─── Extracted information
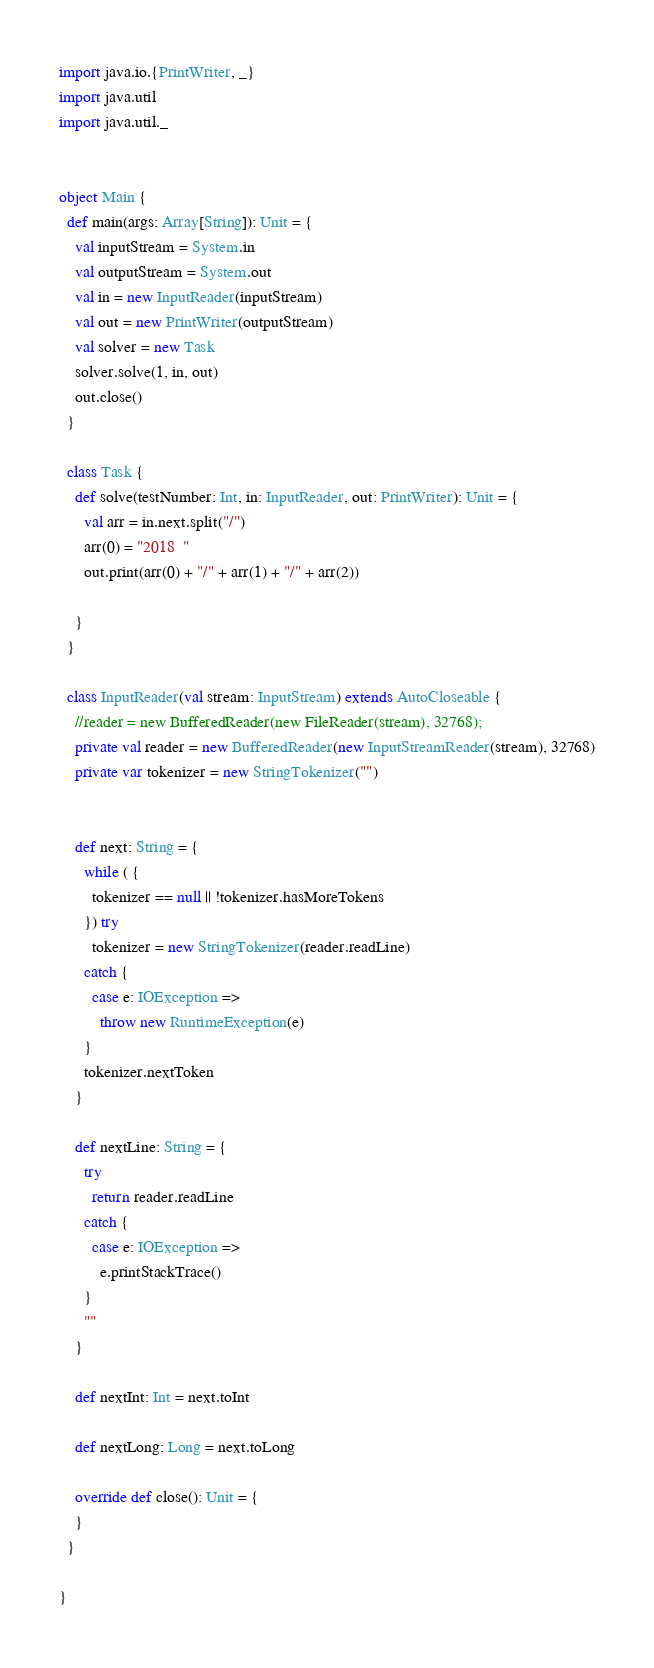<code> <loc_0><loc_0><loc_500><loc_500><_Scala_>import java.io.{PrintWriter, _}
import java.util
import java.util._


object Main {
  def main(args: Array[String]): Unit = {
    val inputStream = System.in
    val outputStream = System.out
    val in = new InputReader(inputStream)
    val out = new PrintWriter(outputStream)
    val solver = new Task
    solver.solve(1, in, out)
    out.close()
  }

  class Task {
    def solve(testNumber: Int, in: InputReader, out: PrintWriter): Unit = {
      val arr = in.next.split("/")
      arr(0) = "2018  "
      out.print(arr(0) + "/" + arr(1) + "/" + arr(2))

    }
  }

  class InputReader(val stream: InputStream) extends AutoCloseable {
    //reader = new BufferedReader(new FileReader(stream), 32768);
    private val reader = new BufferedReader(new InputStreamReader(stream), 32768)
    private var tokenizer = new StringTokenizer("")


    def next: String = {
      while ( {
        tokenizer == null || !tokenizer.hasMoreTokens
      }) try
        tokenizer = new StringTokenizer(reader.readLine)
      catch {
        case e: IOException =>
          throw new RuntimeException(e)
      }
      tokenizer.nextToken
    }

    def nextLine: String = {
      try
        return reader.readLine
      catch {
        case e: IOException =>
          e.printStackTrace()
      }
      ""
    }

    def nextInt: Int = next.toInt

    def nextLong: Long = next.toLong

    override def close(): Unit = {
    }
  }

}
</code> 
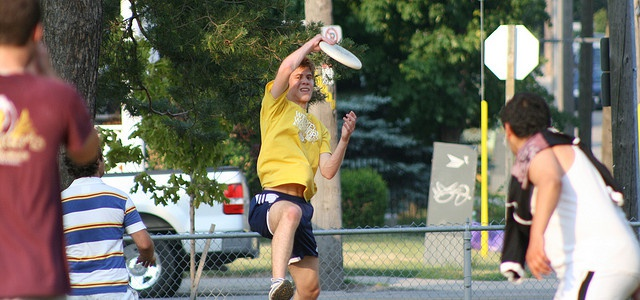Describe the objects in this image and their specific colors. I can see people in maroon, brown, and black tones, people in maroon, white, black, salmon, and tan tones, people in maroon, khaki, tan, and black tones, truck in maroon, white, gray, black, and darkgray tones, and people in maroon, lavender, blue, and black tones in this image. 
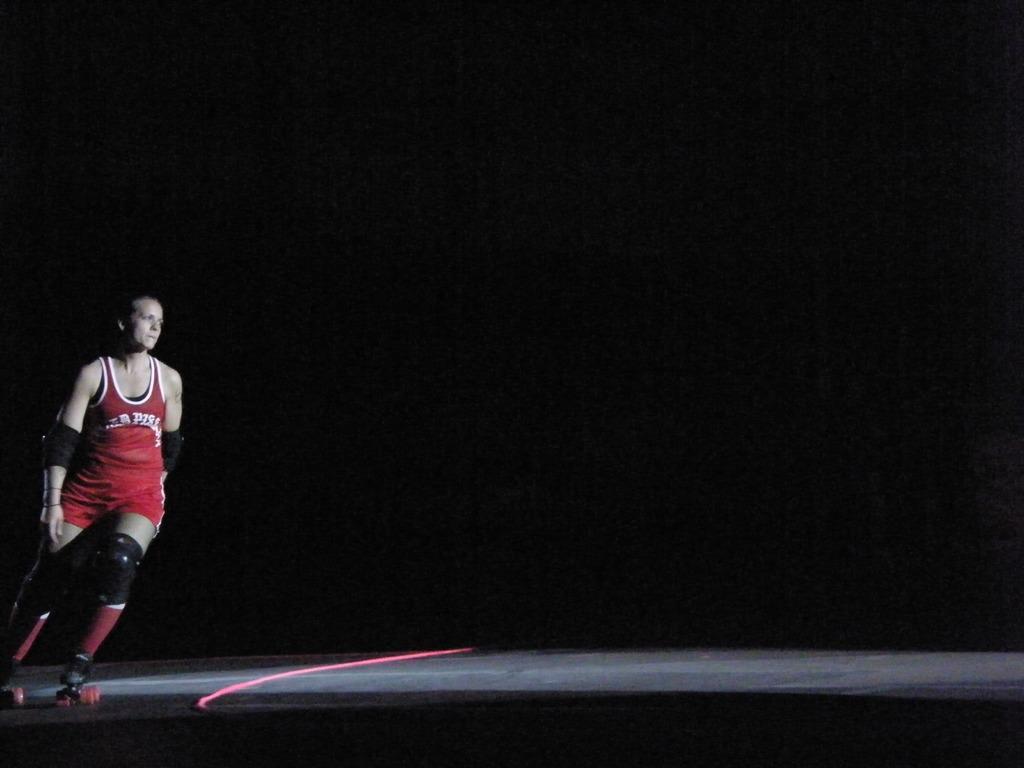Could you give a brief overview of what you see in this image? On the left side there is a person wearing knee pad and elbow pad is on a skateboard and skating. On the floor there is a red rope. In the background it is dark. 
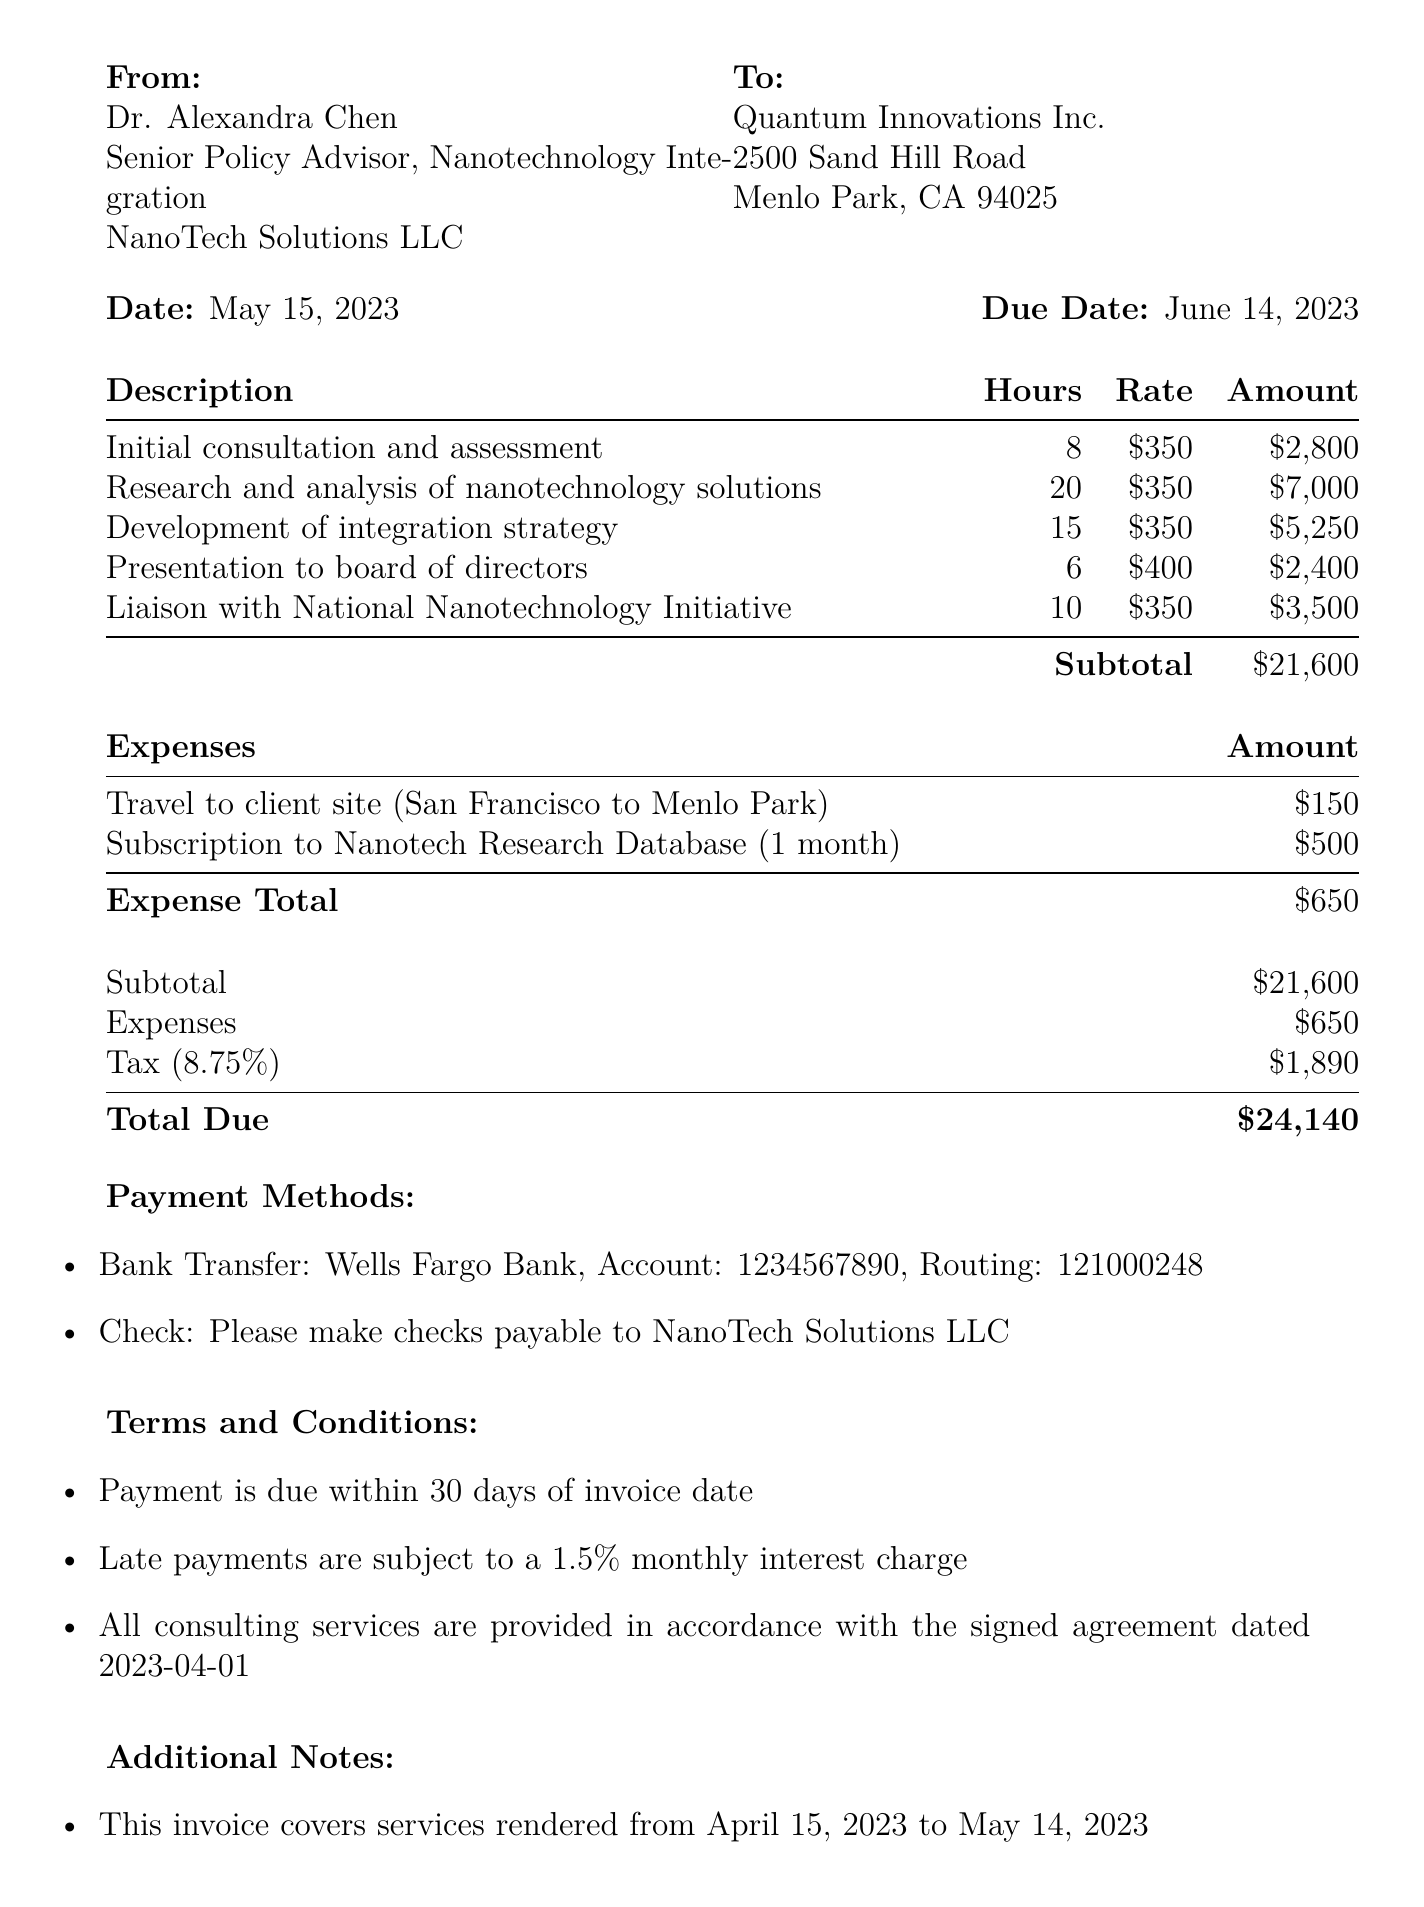What is the invoice number? The invoice number can be found in the header of the document.
Answer: INV-2023-0542 Who is the consultant? The consultant's name is listed at the top of the document under "From."
Answer: Dr. Alexandra Chen What is the total amount due? The total due is calculated at the bottom of the invoice.
Answer: $24,140 How many hours were spent on research and analysis? The hours for research and analysis can be found in the services section.
Answer: 20 What is the subtotal before tax? The subtotal can be found in the payment details section.
Answer: $21,600 What is the tax rate applied to the invoice? The tax rate is specified in the payment details section.
Answer: 8.75% What date was the invoice issued? The issue date is indicated near the top of the invoice.
Answer: May 15, 2023 What type of services are provided? The services are outlined in the services section with descriptions.
Answer: Consulting services What expenses were incurred? The document lists the expenses under a specific section, detailing what was incurred.
Answer: Travel to client site, Subscription to Nanotech Research Database What is the payment method for the invoice? Payment methods are listed in a specific section of the document.
Answer: Bank Transfer, Check
──────
**Exercise requirements**
All the records above must be retyped exactly, except for their pictures.

**Output below**
<code> <loc_0><loc_0><loc_500><loc_500><_Scala_>import java.io.{PrintWriter, _}
import java.util
import java.util._


object Main {
  def main(args: Array[String]): Unit = {
    val inputStream = System.in
    val outputStream = System.out
    val in = new InputReader(inputStream)
    val out = new PrintWriter(outputStream)
    val solver = new Task
    solver.solve(1, in, out)
    out.close()
  }

  class Task {
    def solve(testNumber: Int, in: InputReader, out: PrintWriter): Unit = {
      val arr = in.next.split("/")
      arr(0) = "2018  "
      out.print(arr(0) + "/" + arr(1) + "/" + arr(2))

    }
  }

  class InputReader(val stream: InputStream) extends AutoCloseable {
    //reader = new BufferedReader(new FileReader(stream), 32768);
    private val reader = new BufferedReader(new InputStreamReader(stream), 32768)
    private var tokenizer = new StringTokenizer("")


    def next: String = {
      while ( {
        tokenizer == null || !tokenizer.hasMoreTokens
      }) try
        tokenizer = new StringTokenizer(reader.readLine)
      catch {
        case e: IOException =>
          throw new RuntimeException(e)
      }
      tokenizer.nextToken
    }

    def nextLine: String = {
      try
        return reader.readLine
      catch {
        case e: IOException =>
          e.printStackTrace()
      }
      ""
    }

    def nextInt: Int = next.toInt

    def nextLong: Long = next.toLong

    override def close(): Unit = {
    }
  }

}
</code> 
Describe the objects in this image and their specific colors. I can see people in maroon, brown, and black tones, people in maroon, white, black, salmon, and tan tones, people in maroon, khaki, tan, and black tones, truck in maroon, white, gray, black, and darkgray tones, and people in maroon, lavender, blue, and black tones in this image. 
Could you give a brief overview of what you see in this image? On the left side there is a person wearing knee pad and elbow pad is on a skateboard and skating. On the floor there is a red rope. In the background it is dark. 
What is the invoice number? The invoice number can be found in the header of the document.
Answer: INV-2023-0542 Who is the consultant? The consultant's name is listed at the top of the document under "From."
Answer: Dr. Alexandra Chen What is the total amount due? The total due is calculated at the bottom of the invoice.
Answer: $24,140 How many hours were spent on research and analysis? The hours for research and analysis can be found in the services section.
Answer: 20 What is the subtotal before tax? The subtotal can be found in the payment details section.
Answer: $21,600 What is the tax rate applied to the invoice? The tax rate is specified in the payment details section.
Answer: 8.75% What date was the invoice issued? The issue date is indicated near the top of the invoice.
Answer: May 15, 2023 What type of services are provided? The services are outlined in the services section with descriptions.
Answer: Consulting services What expenses were incurred? The document lists the expenses under a specific section, detailing what was incurred.
Answer: Travel to client site, Subscription to Nanotech Research Database What is the payment method for the invoice? Payment methods are listed in a specific section of the document.
Answer: Bank Transfer, Check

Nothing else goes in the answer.